Think of it as a black box that takes in the data we want to classify and gives us its best prediction of what it was given. The way we train this “black box” is what will determine the accuracy of our results, but we’ll get to the training of our model later on.


Creating your first image classifying app

In order to continue with this tutorial you’ll need a very basic understanding of UIKit and storyboards. To keep this tutorial simple and not detract from the main focus, we’re going to use a very basic UI setup in order to display our input image, Button for triggering our prediction and labels to display what our model predicted and the confidence it has on that prediction.

Head over to Xcode and create a new project (selecting single view app and Storyboards as your UI Interface) and setup your main view controller to look something like the image below:



Drag any 224x224 image into your projects .xcassets group and use it as the default image in the UIImageView you set up above. We’ll get to why the image needs to be 224x224 in the next section.

Importing the model and passing the image through it

Now onto the interesting part of our app: importing our ML model and using it to create predictions. The machine learning model is the “black box” that takes in our image as input and gives us a prediction label and confidence as output. There are many models that we could use that are mainly deeply layered convolutional neural networks. A neural network is a mathematical abstraction of the human brain that aims to mimic the learning process and exceptional pattern-recognition that human brains possesses. They do this by simulating the brains huge network of neurons and synapses with multiple layers of nodes (neurons) and connections (synapses). These nodes take in some input signal, use an activation function, bias and weight to transform the signal in some manner and pass it to the next node which repeats the process until the signal is passed through the entire network. The output is then compared to the expected output and any errors are passed backwards through the network in a process called back propagation to adjust the neural network's biases and weights in order to minimise the network's error. This process of adjusting these values is called training. A model trained on lots of quality training data will usually produce a very accurate model, therefore it's very important any model you train receives the best training data possible.

Some models are trained for more general objects, while some are trained for specific domains, Apple provides a few popular models at https://developer.apple.com/machine-learning/models/ that you can download and drag straight into your Xcode project. For our project, we’re going to use ResNet50, a 50-layered convolutional neural network that is aimed at predicting dominant objects in an image over multiple domains. 
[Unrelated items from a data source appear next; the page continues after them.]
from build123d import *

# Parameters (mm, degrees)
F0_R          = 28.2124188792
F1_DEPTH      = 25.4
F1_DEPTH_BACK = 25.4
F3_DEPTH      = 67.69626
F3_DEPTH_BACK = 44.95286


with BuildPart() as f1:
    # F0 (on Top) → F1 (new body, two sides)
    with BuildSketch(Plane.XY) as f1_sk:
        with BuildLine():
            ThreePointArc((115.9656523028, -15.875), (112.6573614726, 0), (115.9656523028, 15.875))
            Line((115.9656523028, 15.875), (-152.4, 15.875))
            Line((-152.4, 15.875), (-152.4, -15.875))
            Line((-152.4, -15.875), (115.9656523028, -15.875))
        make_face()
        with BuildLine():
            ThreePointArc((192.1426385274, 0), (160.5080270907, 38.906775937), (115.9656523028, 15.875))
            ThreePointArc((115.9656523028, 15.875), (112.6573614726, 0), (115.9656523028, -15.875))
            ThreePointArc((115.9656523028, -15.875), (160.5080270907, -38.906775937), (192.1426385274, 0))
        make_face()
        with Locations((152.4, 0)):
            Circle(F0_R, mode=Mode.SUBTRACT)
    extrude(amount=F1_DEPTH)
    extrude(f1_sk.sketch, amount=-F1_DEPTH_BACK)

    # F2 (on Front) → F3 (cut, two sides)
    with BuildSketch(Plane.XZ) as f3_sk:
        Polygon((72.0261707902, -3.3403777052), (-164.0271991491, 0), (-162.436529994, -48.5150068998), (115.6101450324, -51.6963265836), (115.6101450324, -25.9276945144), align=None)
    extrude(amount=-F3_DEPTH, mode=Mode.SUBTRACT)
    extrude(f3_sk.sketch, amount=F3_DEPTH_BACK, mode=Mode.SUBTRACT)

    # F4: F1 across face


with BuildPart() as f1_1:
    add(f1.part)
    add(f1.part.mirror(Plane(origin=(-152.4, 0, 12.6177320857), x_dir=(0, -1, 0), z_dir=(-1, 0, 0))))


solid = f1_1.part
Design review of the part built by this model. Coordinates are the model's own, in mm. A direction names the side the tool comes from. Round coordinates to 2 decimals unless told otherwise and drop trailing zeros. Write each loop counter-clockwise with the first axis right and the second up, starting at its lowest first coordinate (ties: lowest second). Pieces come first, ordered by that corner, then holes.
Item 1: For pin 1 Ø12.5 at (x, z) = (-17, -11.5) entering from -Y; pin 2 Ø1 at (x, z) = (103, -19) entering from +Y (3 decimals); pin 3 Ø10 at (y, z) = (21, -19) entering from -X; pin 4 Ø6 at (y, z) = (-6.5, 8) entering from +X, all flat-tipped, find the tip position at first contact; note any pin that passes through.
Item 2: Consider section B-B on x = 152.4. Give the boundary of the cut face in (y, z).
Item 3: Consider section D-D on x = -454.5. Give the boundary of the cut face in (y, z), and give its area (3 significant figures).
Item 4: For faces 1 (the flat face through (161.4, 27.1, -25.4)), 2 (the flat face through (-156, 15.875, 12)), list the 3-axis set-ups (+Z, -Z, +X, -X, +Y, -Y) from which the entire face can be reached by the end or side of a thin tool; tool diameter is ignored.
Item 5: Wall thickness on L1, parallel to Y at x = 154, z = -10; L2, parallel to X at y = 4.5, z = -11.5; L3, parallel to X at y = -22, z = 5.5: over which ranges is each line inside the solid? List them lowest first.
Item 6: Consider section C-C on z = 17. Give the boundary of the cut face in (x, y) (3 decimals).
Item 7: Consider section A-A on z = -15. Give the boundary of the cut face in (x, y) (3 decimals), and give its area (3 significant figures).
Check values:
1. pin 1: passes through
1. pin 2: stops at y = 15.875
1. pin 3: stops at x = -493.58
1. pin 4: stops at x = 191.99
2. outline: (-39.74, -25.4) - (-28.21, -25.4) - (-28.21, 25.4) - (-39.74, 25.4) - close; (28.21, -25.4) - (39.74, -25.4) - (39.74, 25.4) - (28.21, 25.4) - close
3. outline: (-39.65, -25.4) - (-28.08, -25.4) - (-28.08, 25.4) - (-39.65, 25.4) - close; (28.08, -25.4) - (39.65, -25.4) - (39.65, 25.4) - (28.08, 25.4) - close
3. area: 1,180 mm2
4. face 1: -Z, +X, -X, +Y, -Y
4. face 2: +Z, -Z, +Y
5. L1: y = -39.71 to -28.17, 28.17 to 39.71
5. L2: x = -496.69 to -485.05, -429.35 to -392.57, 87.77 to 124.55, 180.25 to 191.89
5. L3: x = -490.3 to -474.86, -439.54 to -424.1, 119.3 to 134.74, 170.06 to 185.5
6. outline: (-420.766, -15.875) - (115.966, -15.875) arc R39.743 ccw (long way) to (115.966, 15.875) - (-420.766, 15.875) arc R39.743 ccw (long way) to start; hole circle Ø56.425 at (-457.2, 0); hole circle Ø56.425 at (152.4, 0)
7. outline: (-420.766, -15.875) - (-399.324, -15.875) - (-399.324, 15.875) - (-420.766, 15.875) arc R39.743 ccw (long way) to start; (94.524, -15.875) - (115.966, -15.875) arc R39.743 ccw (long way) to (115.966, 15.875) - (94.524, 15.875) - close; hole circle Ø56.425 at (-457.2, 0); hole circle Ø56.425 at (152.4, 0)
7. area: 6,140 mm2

Once downloaded, drag the .mlmodel into your project and click on the file to view the details of your model. Head over to the predictions tab, this is where you’ll see what input data your model takes and its associated output data. For ResNet50 you’ll see it takes a 224x224 colour image, it’s important that your input image is exactly 224x224 as the model will fail to parse the image if it’s not. The model will also give 2 outputs: the label that matches its highest-confidence prediction and a dictionary of other possible labels with their associated confidence levels.

Now let’s head over to our ViewController.swift file to start making predictions!
Your class should look something like the class below. 2 labels for our prediction and confidence, our input image UIIMageView, our @IBAction function to predict the image when the button is tapped and lastly, our ResNet50 model. Yup, it’s as simple as a one line instantiation to get our model ready for input.

import UIKit

class ViewController: UIViewController {

    @IBOutlet weak var inputImage: UIImageView!
    @IBOutlet weak var predictionLabel: UILabel!
    @IBOutlet weak var confidenceLabel: UILabel!
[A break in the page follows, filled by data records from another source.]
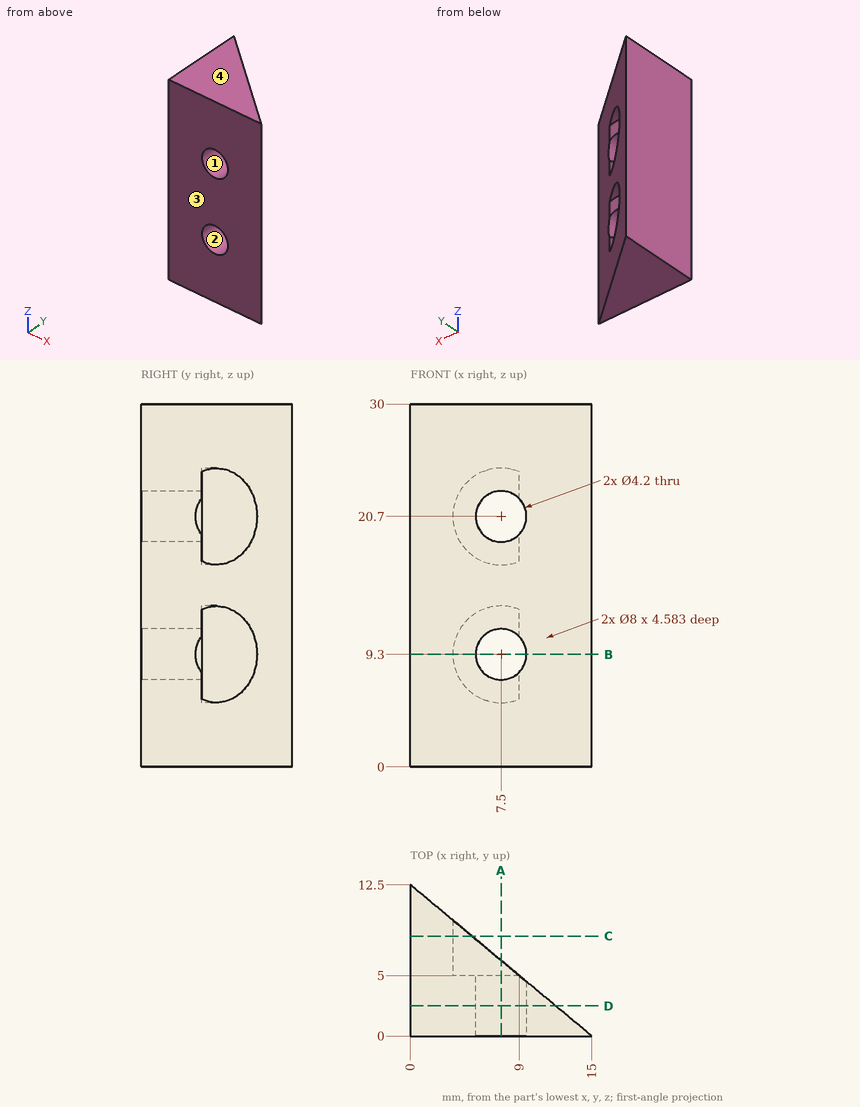
Verification items for this drawing (mm, ordinates from the low corner). Round coordinates to 2 decimals unless told otherwise and drop trailing zeros. Loops run counter-clockwise (first coordinate to the right, second up) from the corner with the lowest first, then second, coordinate; pieces in that order, holes last. Notation, with made-up numbers: (13.25, 21) -> (36.25, 21) arc R19 ccw to (36.25, 27) -> close; hole circle Ø10 at (-37.75, 54). An arc over 180 degrees is marked (long way). Write item = value, one per line. Start each with the question number.
1) Sectioned sample at D-D, the plane y = 2.5. Record the cut outline in (x, z).
2) Sectioned sample at B-B, the plane z = 9.3. Record the cut outline in (x, y).
3) Sectioned sample at A-A, the plane x = 7.5. Record the cut outline in (y, z).
4) Release check for a two-part mould opening along Z. For the marked faces 1, 2, 3 and 4 record: released by +Z, released by -Z, zero draft, split by the parting line, or undercut.
5) Sectioned sample at C-C, the plane y = 8.25. Record the cut outline in (x, z).
6) Thickness scan on probe 1 along Z at (x, y) = (7.5, 3.45); probe 2 along Z at (x, y) = (7.5, 6.2); probe 3 along X at (y, z) = (6.25, 9.3). Record the ranges inside material, lowest first.
7) Gauge pin test, flat ends, axial feed: pin 1 Ø9 at (x, z) = (7.5, 20.7) entering from +Y; pin 2 Ø4.5 at (x, z) = (5.5, 8) entering from +Y; pin 3 Ø3.5 at (x, z) = (7.5, 20.7) entering from -Y; pin 4 Ø6.5 at (x, z) = (7.5, 9.3) entering from +Y. Record the tip position at first contact, or that the pin passes through.
Results are:
q1.outline = (0, 0) -> (12, 0) -> (12, 30) -> (0, 30) -> close; hole circle Ø4.2 at (7.5, 9.3); hole circle Ø4.2 at (7.5, 20.7)
q2.outline = (0, 0) -> (5.4, 0) -> (5.4, 5) -> (3.5, 5) -> (3.5, 9.58) -> (0, 12.5) -> close; (9.6, 0) -> (15, 0) -> (9.6, 4.5) -> close
q3.outline = (0, 0) -> (6.25, 0) -> (6.25, 5.3) -> (5, 5.3) -> (5, 7.2) -> (0, 7.2) -> close; (0, 11.4) -> (5, 11.4) -> (5, 13.3) -> (6.25, 13.3) -> (6.25, 16.7) -> (5, 16.7) -> (5, 18.6) -> (0, 18.6) -> close; (0, 22.8) -> (5, 22.8) -> (5, 24.7) -> (6.25, 24.7) -> (6.25, 30) -> (0, 30) -> close
q4.face_1 = undercut
q4.face_2 = undercut
q4.face_3 = zero draft
q4.face_4 = released by +Z
q5.outline = (0, 0) -> (5.1, 0) -> (5.1, 6.1) arc R4 cw to (5.1, 12.5) -> (5.1, 17.5) arc R4 cw to (5.1, 23.9) -> (5.1, 30) -> (0, 30) -> close
q6.probe_1 = 0 to 7.2, 11.4 to 18.6, 22.8 to 30
q6.probe_2 = 0 to 5.3, 13.3 to 16.7, 24.7 to 30
q6.probe_3 = 0 to 3.5
q7.pin_1 = 10
q7.pin_2 = 9.79
q7.pin_3 = through
q7.pin_4 = 5

    let model = Resnet50()   // instantiates our model

    override func viewDidLoad() {
        super.viewDidLoad()
    }

    @IBAction func predictImage(sender: Any) {   // this will be called on a button press
    }
}

Unfortunately CoreML doesn’t allow UIImages or CGImages to be passed directly into our models so we’ll need to convert our input image into a CVPixelBuffer. Create a new swift file named “ImageProcessor.swift” and copy the following code:

import CoreVideo

struct ImageProcessor {
    static func pixelBuffer (forImage image:CGImage) -> CVPixelBuffer? {

        let imageWidth = Int(image.width)
        let imageHeight = Int(image.height)
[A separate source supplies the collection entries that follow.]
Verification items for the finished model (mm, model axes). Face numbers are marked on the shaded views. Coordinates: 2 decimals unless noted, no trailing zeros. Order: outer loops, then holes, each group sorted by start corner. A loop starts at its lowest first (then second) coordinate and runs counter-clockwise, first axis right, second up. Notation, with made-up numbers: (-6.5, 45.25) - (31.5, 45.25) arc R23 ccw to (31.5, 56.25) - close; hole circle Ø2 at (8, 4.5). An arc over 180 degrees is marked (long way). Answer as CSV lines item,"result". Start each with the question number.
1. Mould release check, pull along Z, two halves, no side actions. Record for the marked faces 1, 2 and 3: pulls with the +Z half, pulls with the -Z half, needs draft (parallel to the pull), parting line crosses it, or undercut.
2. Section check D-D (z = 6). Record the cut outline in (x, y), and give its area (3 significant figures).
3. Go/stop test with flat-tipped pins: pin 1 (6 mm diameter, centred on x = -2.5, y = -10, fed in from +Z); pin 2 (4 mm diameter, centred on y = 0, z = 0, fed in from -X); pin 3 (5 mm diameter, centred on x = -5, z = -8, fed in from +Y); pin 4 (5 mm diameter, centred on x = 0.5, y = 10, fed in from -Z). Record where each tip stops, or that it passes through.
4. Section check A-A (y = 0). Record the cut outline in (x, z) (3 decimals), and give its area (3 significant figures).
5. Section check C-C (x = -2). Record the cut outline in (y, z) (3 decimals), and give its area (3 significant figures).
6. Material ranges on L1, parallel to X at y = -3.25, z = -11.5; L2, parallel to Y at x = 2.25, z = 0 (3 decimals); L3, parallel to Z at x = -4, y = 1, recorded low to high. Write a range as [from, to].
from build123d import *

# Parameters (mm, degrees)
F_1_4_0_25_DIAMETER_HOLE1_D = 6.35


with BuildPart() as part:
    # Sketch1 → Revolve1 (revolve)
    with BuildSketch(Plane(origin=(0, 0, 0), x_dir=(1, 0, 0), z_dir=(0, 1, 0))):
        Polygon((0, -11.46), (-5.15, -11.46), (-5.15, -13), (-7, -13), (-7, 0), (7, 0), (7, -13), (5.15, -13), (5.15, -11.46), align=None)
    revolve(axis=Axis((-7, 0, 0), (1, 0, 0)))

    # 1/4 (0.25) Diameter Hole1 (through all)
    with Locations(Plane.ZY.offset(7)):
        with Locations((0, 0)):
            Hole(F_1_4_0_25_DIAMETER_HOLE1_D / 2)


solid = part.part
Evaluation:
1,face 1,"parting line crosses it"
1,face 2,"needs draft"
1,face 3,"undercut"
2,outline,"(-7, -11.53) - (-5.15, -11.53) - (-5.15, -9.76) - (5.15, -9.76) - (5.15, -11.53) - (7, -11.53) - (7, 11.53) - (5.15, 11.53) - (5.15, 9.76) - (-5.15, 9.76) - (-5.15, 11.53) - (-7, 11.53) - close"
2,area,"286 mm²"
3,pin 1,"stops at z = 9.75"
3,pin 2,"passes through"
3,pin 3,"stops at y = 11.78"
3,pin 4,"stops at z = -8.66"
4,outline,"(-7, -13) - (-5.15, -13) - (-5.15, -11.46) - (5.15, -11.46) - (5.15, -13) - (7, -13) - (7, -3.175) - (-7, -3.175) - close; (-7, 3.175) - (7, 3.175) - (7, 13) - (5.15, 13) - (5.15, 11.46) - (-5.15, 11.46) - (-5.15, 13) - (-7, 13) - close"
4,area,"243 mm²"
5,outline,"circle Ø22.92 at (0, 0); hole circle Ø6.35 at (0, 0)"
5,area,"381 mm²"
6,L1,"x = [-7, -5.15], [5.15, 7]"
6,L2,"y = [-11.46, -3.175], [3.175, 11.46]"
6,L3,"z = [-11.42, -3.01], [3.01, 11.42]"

        let attributes : [NSObject:AnyObject] = [
            kCVPixelBufferCGImageCompatibilityKey : true as AnyObject,
            kCVPixelBufferCGBitmapContextCompatibilityKey : true as AnyObject]

        var buffer: CVPixelBuffer? = nil

        CVPixelBufferCreate(kCFAllocatorDefault,
                            imageWidth,
                            imageHeight,
                            kCVPixelFormatType_32ARGB,
                            attributes as CFDictionary?,
                            &buffer)

        if let pixelBuffer = buffer {
            let flags = CVPixelBufferLockFlags(rawValue: 0)
            CVPixelBufferLockBaseAddress(pixelBuffer, flags)
            let pixelData = CVPixelBufferGetBaseAddress(pixelBuffer)
            let rgbColorSpace = CGColorSpaceCreateDeviceRGB();

            let context = CGContext(data: pixelData,
                                    width: imageWidth,
                                    height: imageHeight,
                                    bitsPerComponent: 8,
                                    bytesPerRow: CVPixelBufferGetBytesPerRow(pixelBuffer),
                                    space: rgbColorSpace,
                                    bitmapInfo: CGImageAlphaInfo.premultipliedFirst.rawValue)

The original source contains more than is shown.